Start of AVAILABLE DATA
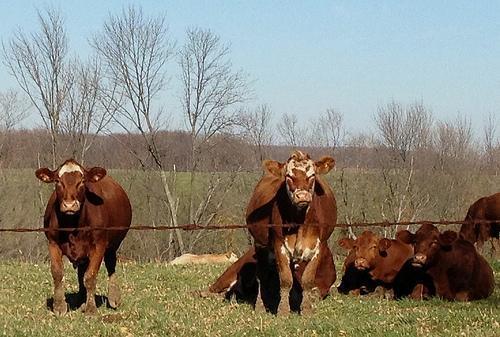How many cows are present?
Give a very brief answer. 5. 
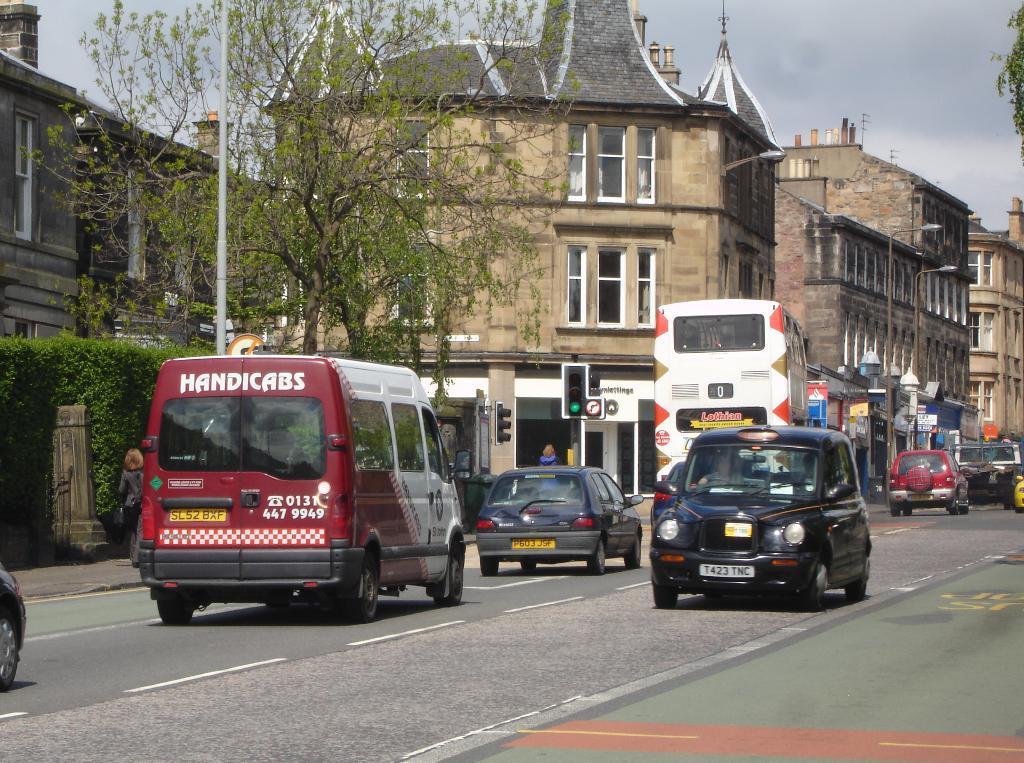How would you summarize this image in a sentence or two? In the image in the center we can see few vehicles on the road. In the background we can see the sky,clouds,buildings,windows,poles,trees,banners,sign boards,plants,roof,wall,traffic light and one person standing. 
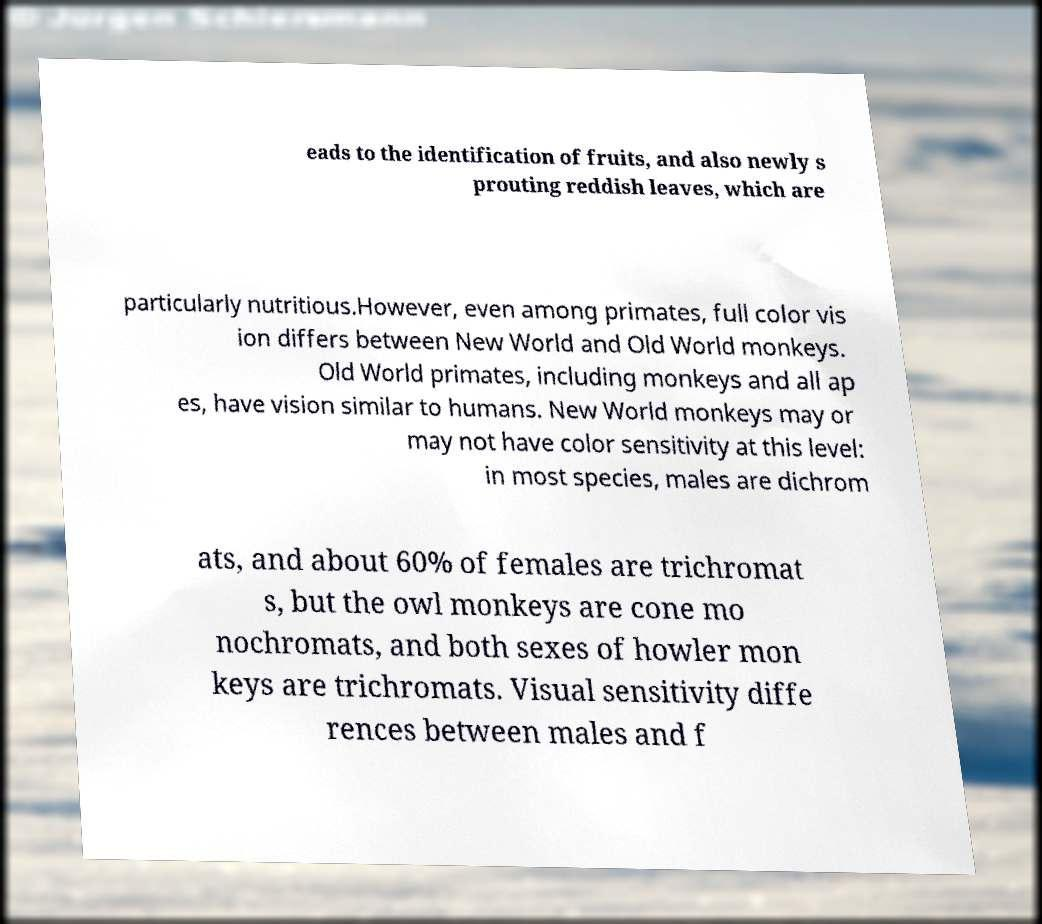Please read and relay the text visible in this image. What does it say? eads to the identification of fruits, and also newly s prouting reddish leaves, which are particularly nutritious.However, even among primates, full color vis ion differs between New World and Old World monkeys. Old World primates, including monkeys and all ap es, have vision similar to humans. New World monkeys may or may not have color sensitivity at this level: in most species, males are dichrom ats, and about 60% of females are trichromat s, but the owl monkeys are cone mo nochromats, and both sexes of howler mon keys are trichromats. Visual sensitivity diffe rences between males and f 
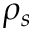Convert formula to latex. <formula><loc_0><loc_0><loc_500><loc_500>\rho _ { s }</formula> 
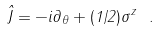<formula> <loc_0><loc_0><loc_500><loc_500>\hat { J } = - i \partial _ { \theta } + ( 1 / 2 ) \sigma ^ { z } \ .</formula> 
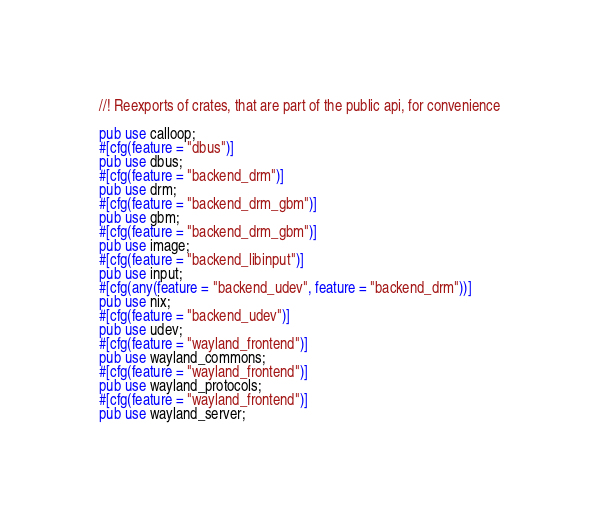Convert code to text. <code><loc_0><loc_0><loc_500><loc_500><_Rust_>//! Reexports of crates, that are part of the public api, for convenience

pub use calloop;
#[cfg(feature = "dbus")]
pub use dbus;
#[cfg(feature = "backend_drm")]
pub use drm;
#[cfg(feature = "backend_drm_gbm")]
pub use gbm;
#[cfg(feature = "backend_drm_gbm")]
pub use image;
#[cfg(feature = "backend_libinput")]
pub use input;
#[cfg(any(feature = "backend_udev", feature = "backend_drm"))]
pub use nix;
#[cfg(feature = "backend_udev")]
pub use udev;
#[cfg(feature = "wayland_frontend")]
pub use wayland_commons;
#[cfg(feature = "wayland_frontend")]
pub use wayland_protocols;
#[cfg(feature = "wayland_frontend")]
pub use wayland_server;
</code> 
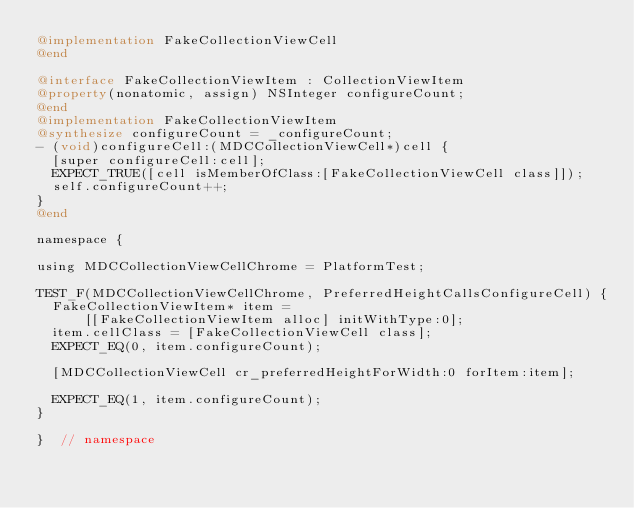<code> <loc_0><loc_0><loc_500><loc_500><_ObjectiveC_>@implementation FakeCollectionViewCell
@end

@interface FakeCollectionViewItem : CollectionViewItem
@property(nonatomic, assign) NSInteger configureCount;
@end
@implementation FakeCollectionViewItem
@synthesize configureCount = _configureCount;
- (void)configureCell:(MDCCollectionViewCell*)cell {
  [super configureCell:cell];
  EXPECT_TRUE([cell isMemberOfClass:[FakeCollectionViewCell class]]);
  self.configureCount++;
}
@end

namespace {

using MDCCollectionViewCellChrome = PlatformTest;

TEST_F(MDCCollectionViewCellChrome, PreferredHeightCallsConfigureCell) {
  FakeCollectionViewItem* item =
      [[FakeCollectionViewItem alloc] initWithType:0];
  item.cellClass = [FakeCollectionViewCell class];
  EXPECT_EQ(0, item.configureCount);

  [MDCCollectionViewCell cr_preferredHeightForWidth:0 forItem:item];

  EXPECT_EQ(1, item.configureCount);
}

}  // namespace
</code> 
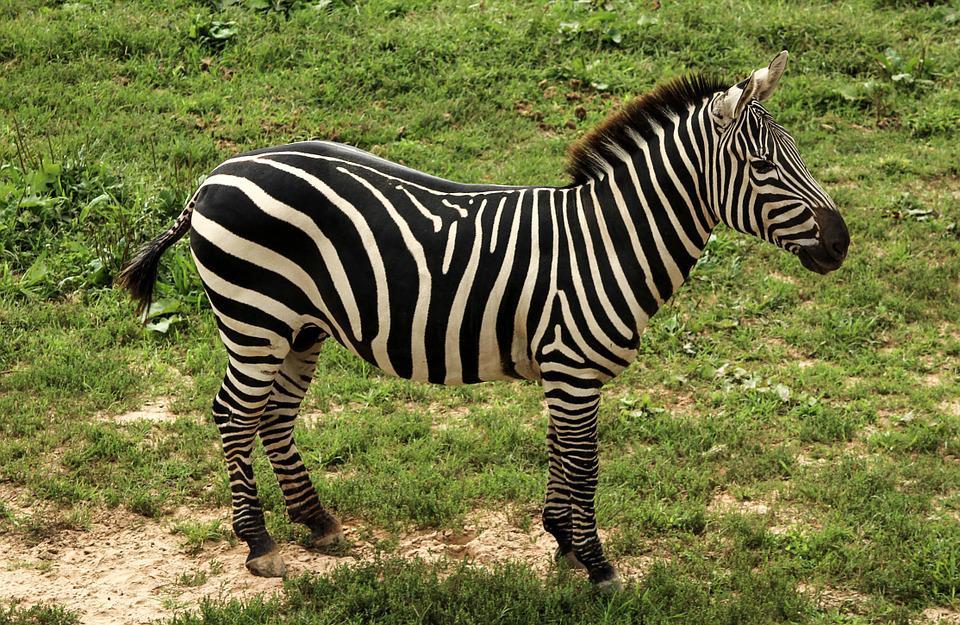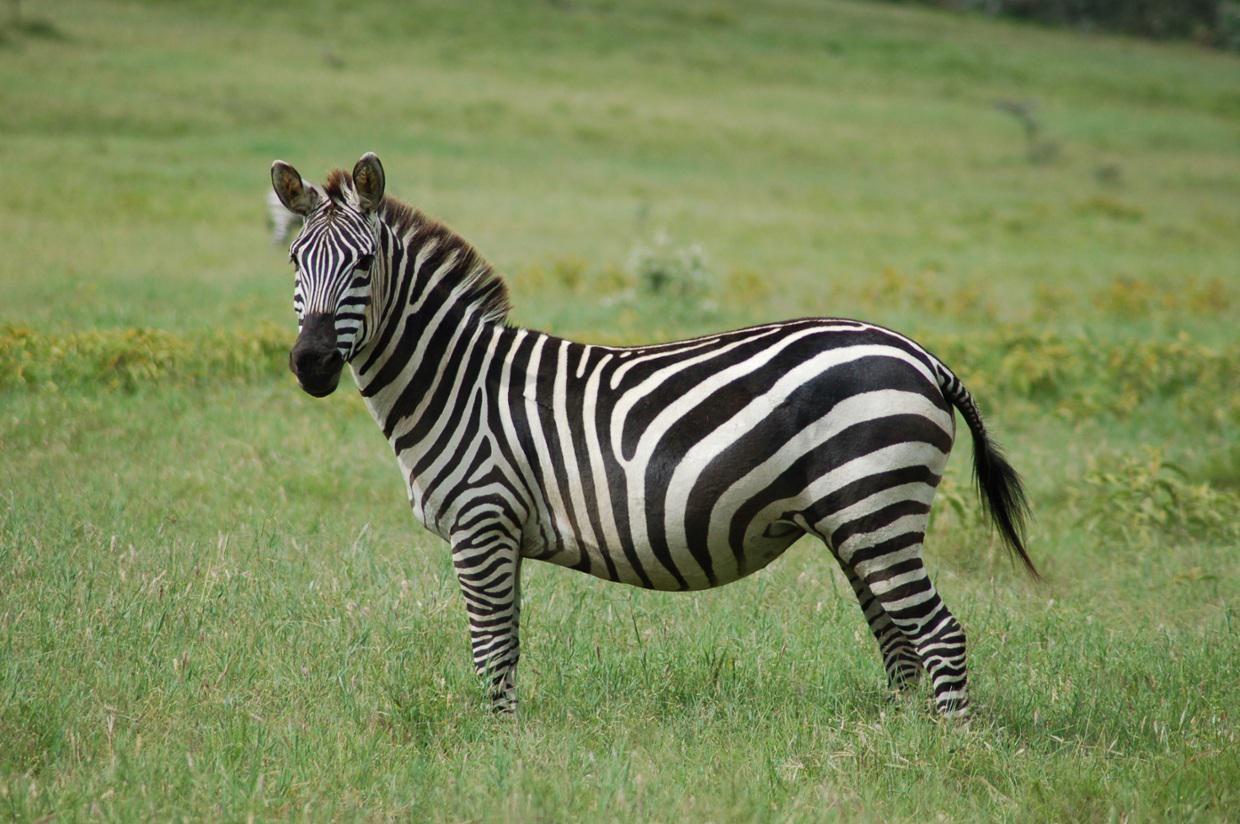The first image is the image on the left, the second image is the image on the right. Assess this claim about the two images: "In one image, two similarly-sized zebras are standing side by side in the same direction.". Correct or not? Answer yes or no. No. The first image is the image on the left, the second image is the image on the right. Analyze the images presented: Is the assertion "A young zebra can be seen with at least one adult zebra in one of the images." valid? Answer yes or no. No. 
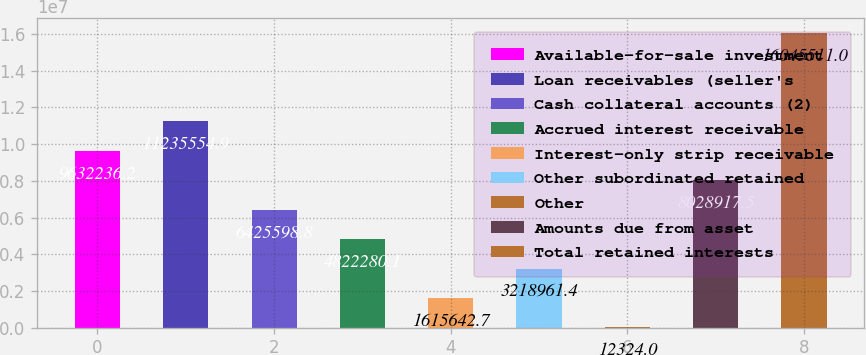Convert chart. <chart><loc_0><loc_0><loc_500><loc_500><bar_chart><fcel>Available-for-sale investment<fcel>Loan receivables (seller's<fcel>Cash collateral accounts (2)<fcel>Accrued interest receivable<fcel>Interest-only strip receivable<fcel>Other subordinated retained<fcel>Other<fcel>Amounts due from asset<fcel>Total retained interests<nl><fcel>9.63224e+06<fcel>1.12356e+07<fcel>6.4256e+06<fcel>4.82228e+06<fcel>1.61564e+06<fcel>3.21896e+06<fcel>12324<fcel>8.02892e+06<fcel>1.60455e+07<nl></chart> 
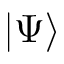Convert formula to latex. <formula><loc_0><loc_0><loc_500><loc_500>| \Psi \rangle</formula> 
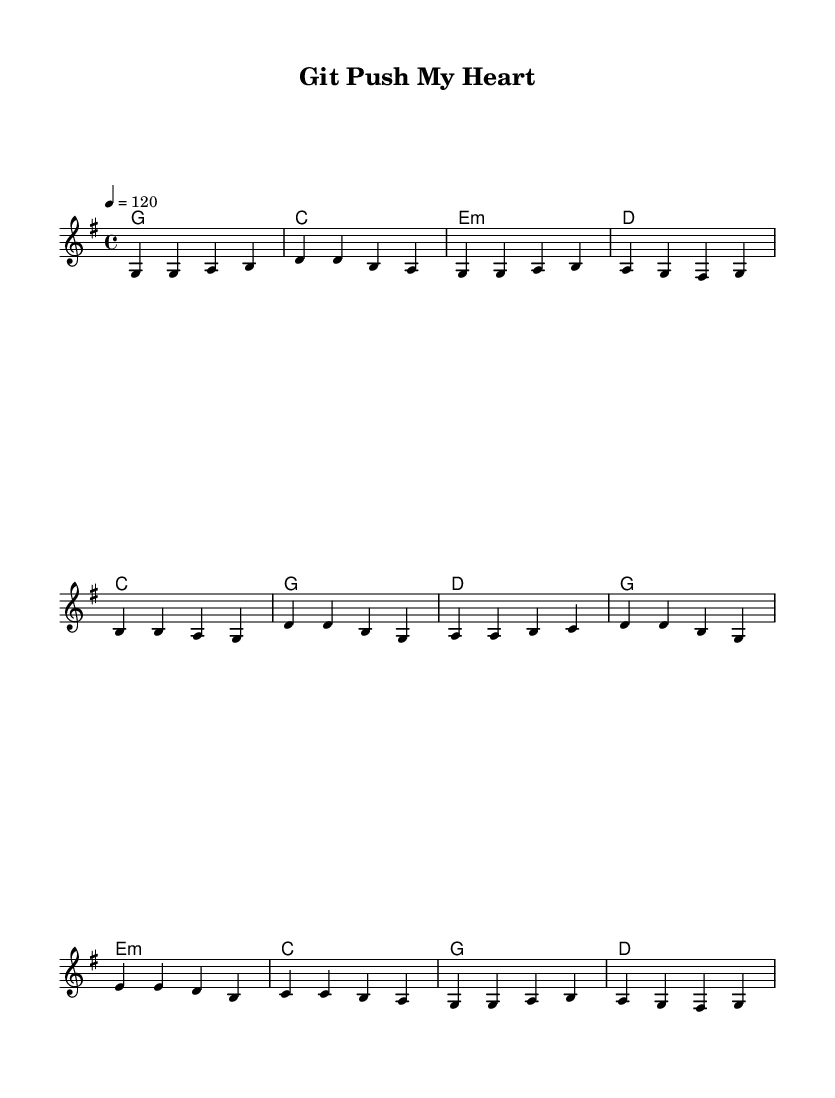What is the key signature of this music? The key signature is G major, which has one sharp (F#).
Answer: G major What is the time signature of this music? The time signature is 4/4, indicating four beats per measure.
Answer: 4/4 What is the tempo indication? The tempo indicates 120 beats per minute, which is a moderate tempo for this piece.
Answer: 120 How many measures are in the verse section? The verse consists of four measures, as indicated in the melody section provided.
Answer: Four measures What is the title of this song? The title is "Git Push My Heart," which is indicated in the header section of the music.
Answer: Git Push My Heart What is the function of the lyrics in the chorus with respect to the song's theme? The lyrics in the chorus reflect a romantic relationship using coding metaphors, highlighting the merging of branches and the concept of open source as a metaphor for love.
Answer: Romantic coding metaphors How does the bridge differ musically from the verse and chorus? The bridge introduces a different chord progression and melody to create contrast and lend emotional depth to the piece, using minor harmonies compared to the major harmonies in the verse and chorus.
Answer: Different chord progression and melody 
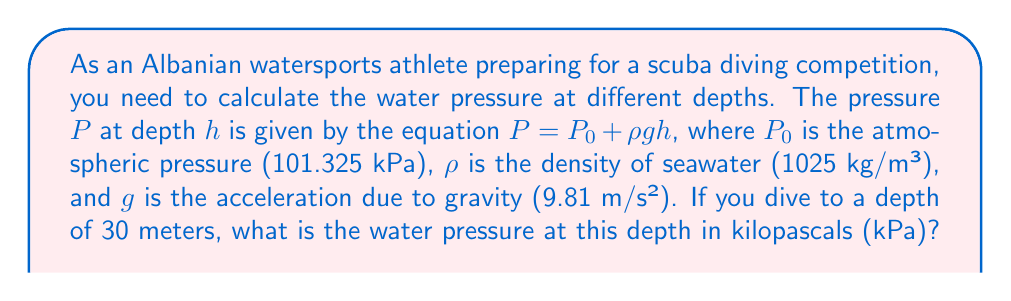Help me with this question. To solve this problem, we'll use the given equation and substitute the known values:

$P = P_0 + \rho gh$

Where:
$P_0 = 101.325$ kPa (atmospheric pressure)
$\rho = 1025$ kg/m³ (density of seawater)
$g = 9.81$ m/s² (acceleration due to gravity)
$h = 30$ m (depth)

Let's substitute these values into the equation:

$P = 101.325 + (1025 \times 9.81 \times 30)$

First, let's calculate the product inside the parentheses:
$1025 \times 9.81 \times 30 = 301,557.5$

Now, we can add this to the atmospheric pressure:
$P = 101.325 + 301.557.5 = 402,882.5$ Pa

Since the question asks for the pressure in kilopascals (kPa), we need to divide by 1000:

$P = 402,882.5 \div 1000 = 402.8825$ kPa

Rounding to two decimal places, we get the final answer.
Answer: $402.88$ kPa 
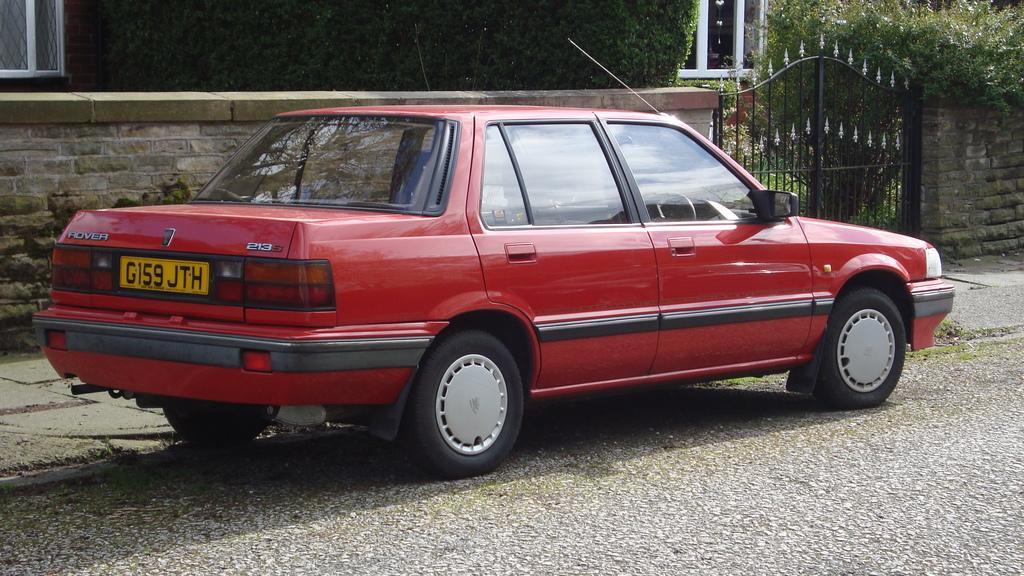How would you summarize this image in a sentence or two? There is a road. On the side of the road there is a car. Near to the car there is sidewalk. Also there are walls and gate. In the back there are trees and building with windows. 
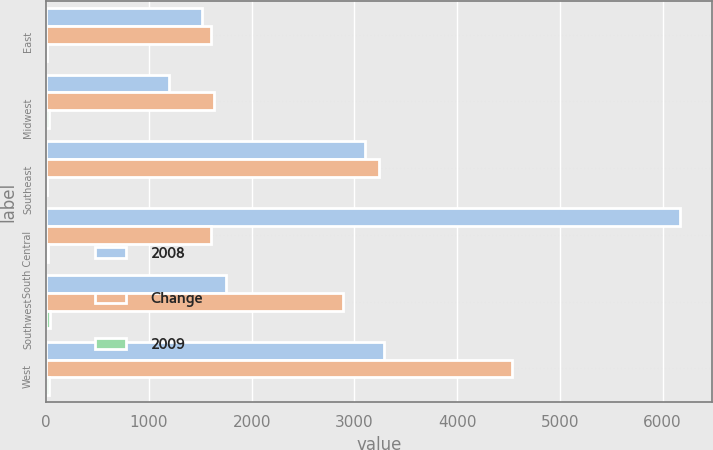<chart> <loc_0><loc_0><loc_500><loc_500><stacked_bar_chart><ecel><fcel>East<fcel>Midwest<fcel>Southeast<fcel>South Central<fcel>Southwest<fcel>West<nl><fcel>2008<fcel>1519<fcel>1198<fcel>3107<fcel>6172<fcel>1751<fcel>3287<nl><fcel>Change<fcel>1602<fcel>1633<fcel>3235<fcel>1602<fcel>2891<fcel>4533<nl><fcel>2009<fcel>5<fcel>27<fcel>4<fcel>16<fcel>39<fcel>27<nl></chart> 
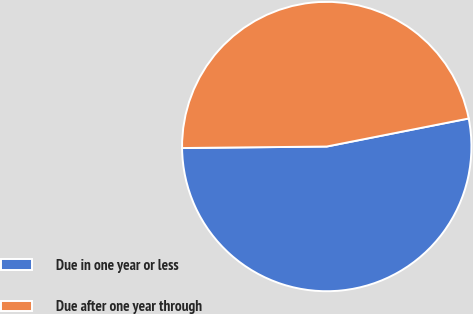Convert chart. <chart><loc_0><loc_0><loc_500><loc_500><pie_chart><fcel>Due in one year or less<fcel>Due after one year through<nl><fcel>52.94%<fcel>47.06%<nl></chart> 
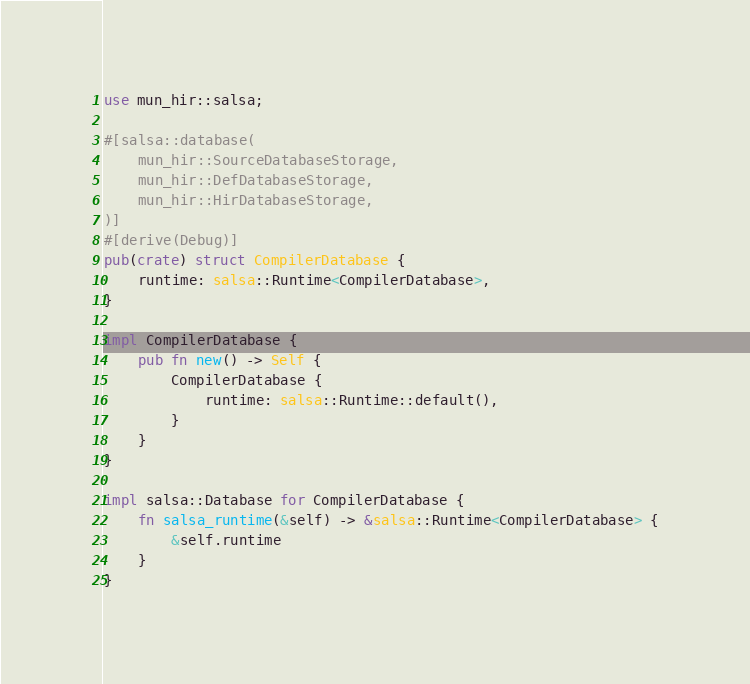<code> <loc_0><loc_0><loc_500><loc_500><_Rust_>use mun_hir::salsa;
End of AVAILABLE DATA
WHAT YOU NEED TO DO
Across the listing, count every line with "beats" in it and give the number only.

OUTPUT OF THE EXERCISE
2